Это было что-то вроде пародии на западную эстраду; «их нравы»…
Поролоновый тигр бил по нарисованным струнам и смешно разевал пасть; хриплый неотразимый голос в фонограмме тянул согласные и пробивал сердце насквозь.
Так я впервые услышал Луи Армстронга.
Ходжа Насреддин и другие
Однажды я сильно заболел, и мне из вечера в вечер читали вслух книгу в обложке морковного цвета: две повести о Ходже Насреддине. Это было такое блаженство, что не хотелось выздоравливать! В двенадцать-тринадцать лет я знал две соловьевские повести, наверное, близко к тексту.
Много позже я узнал, что автор «Насреддина» сидел в сталинском лагере вместе с моим дедом. И даже более того: был его начальником! Дед, «присевший» чуть раньше, бригадирствовал в небольшой «шарашке», когда к нему в барак определили только что посаженного Соловьева. Дед видел, что новенький, работавший в бане санитаром, что-то пишет по ночам и прячет под матрац…
Дед его не заложил, и это — наш главный фамильный вклад в русскую литературу! Писал Соловьев как раз «Очарованного принца», вторую часть книги про Насреддина…
Только «Правда»…
В Рейкьявике идет матч за шахматную корону: Спасский — Фишер! Иногда мы с отцом разбираем партии. Я люблю шахматы, на скучных уроках играю сам с собой на тетрадном листке в клеточку. Делается это так: в тетради шариковой ручкой рисуется доска, а карандашом, поверху, «ставятся» фигуры. Ход делается в два приема: фигура стирается ластиком и рисуется на новом месте.
Но я отвлекся, а в Рейкьявике: Спасский — Фишер!
Какое-то время этот матч — чуть ли не главное событие в советской прессе: через день публикуются партии с пространными комментариями… Потом, по мере катастрофы, комментарии помаленьку скукоживаются, потом исчезают тексты партий… А потом я читаю (петитом в уголке газеты): вчера в Рейкьявике состоялась такая-то партия матча на первенство мира.

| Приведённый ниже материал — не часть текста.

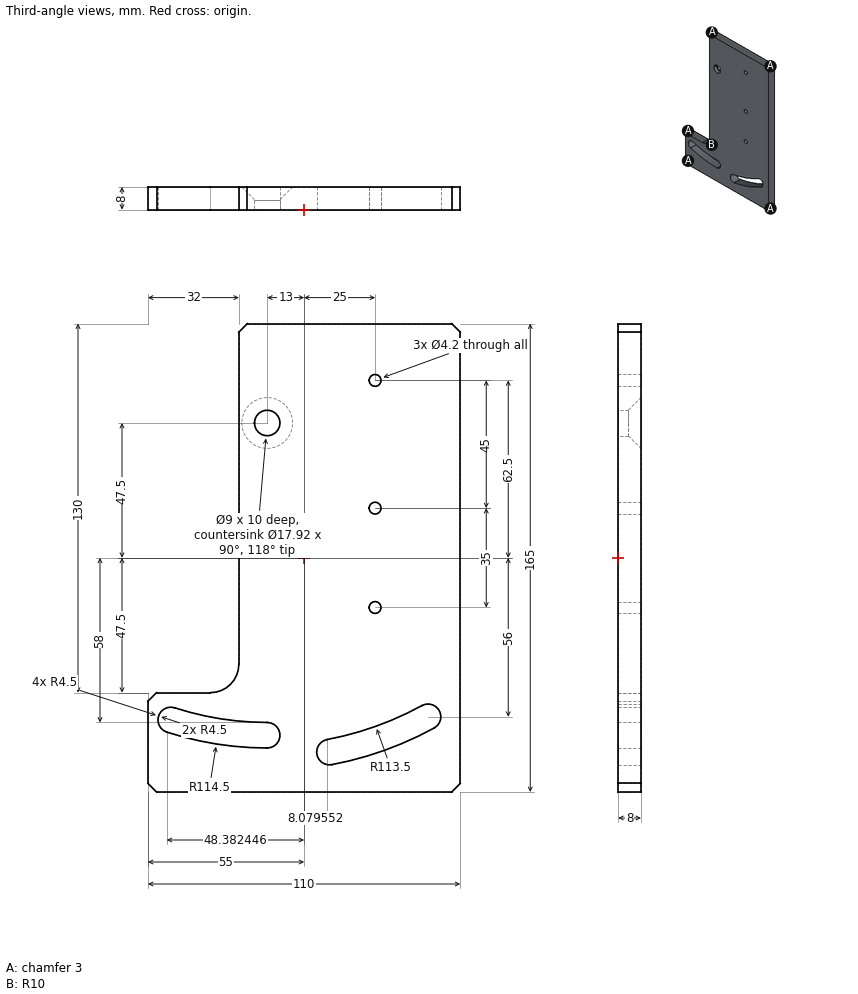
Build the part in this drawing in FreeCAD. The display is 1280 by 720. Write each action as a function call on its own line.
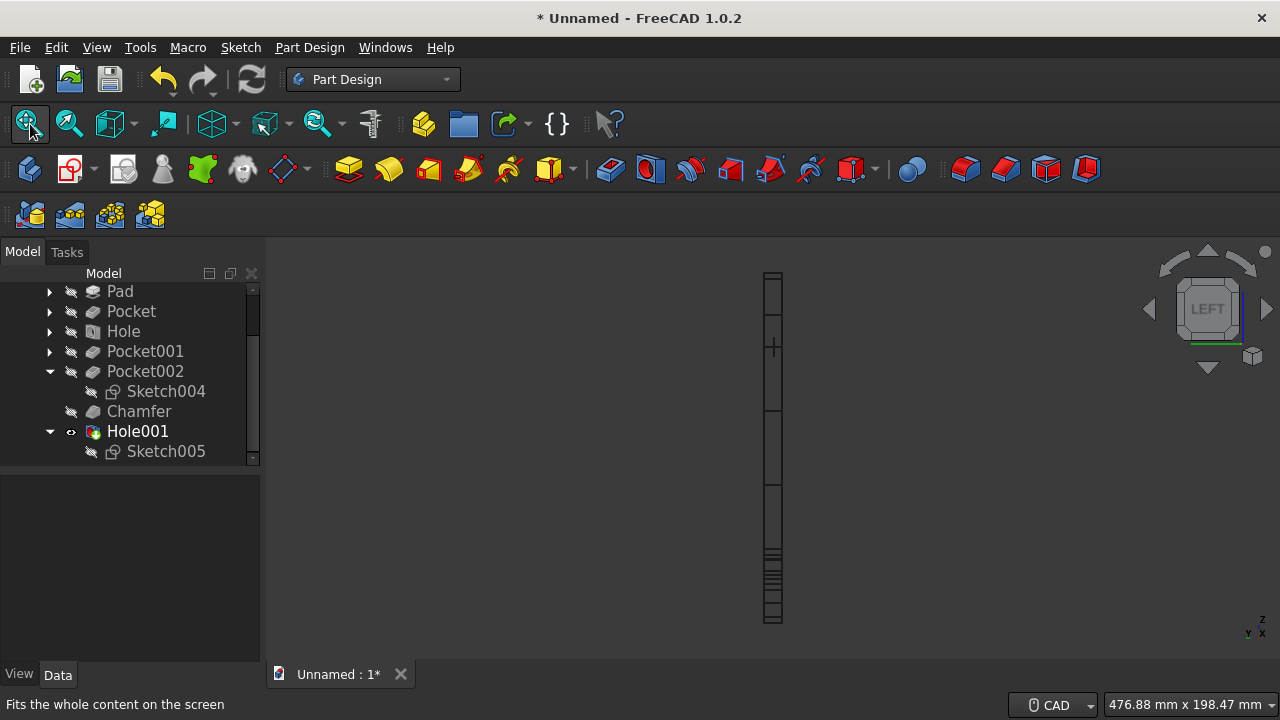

На 42-м ходу победили черные .
А кто играл черными? И кого они победили? И что там вообще происходит, в Рейкьявике?..
Так впервые я был озадачен советской прессой.

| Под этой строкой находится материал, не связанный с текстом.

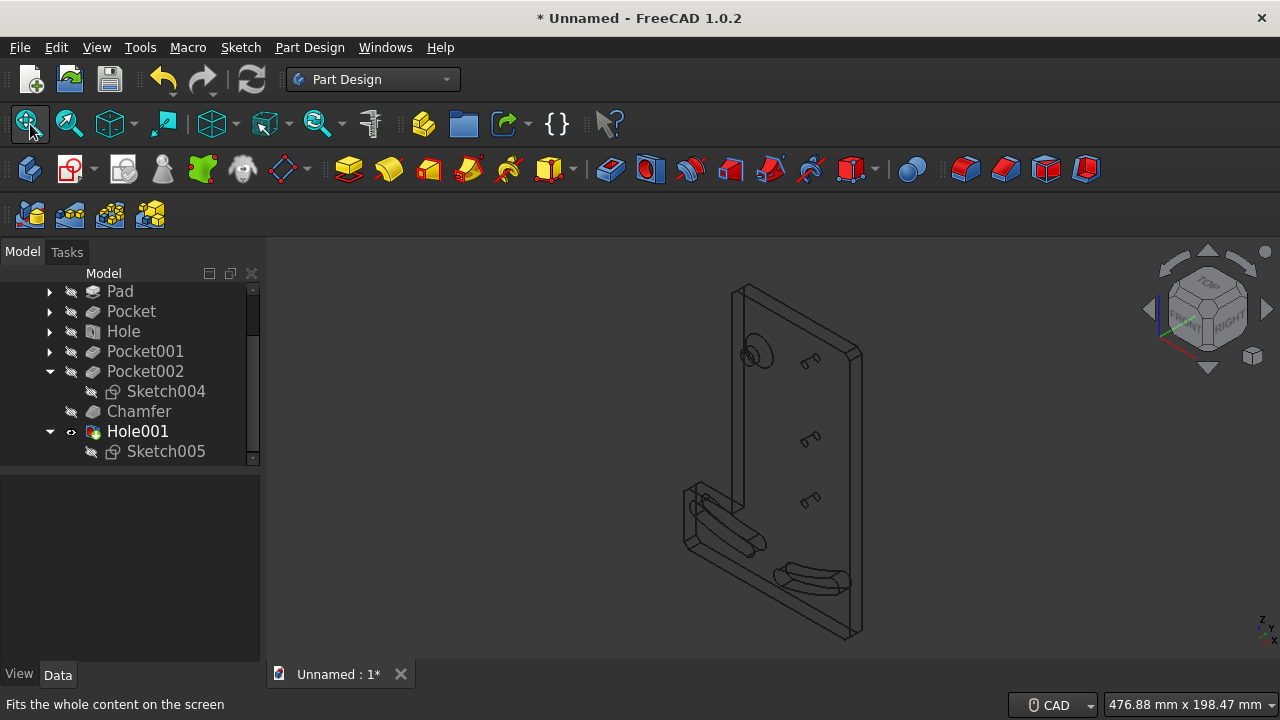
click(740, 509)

О, это умение сказать и не сказать! Уже много лет спустя, в андроповские времена, всей стране поставило мозги раком сообщение ТАСС о сбитом южнокорейском лайнере: «на подаваемые сигналы и предупреждения советских истребителей не реагировал и продолжал полет в сторону Японского моря».
Как это: продолжал полет в сторону Японского моря? По горизонтали или по вертикали? Стреляли по нему или нет? Военный был самолет или все-таки пассажирский? Понимай, как хочешь.
А еще лучше: не понимай. Напрягись вместе со всем советским народом — и не пойми!
В поисках эпитета
Август, Рижское взморье. Наша московская «колония» сибаритствует, расположившись у речки Петерупе. Друзья родителей — юристы, скрипачи, биологи, историки, математики, физики… Дядя Стасик, тетя Наташа, тетя Регина, дядя Леша…
А по «Голосу Америки» третий день передают о смерти Шостаковича: биография, рассказы современников, музыка… На советских волнах — тишина.
Трое суток в кремлевских кабинетах продолжается согласование прилагательного, положенного покойному в свете его заслуг и провинностей перед партией.
Великий он был, выдающийся — или всего лишь известный? По какому разряду хоронить? Вопрос серьезный, политический, и до его решения о смерти Шостаковича просто не сообщают!
Карта
Дома у одноклассницы Жанны Гриншпун висела карта Израиля…
Это было совершенно немыслимо! Как юный баран перед запрещенными воротами, я стоял в коридоре чужой квартиры, рассматривая нечто, чего как бы не было в природе…
Моря, горы, дороги, города… Я умел читать карту, и с фантазией все было в порядке. Внезапная мысль о том, что по этим дорогам в эти города можно приехать — не эмигрировать, боже упаси! я же советский пионер! просто приехать и посмотреть… — вдруг тайно оборвала сердцебиение, наполнив душу сладкой тоской.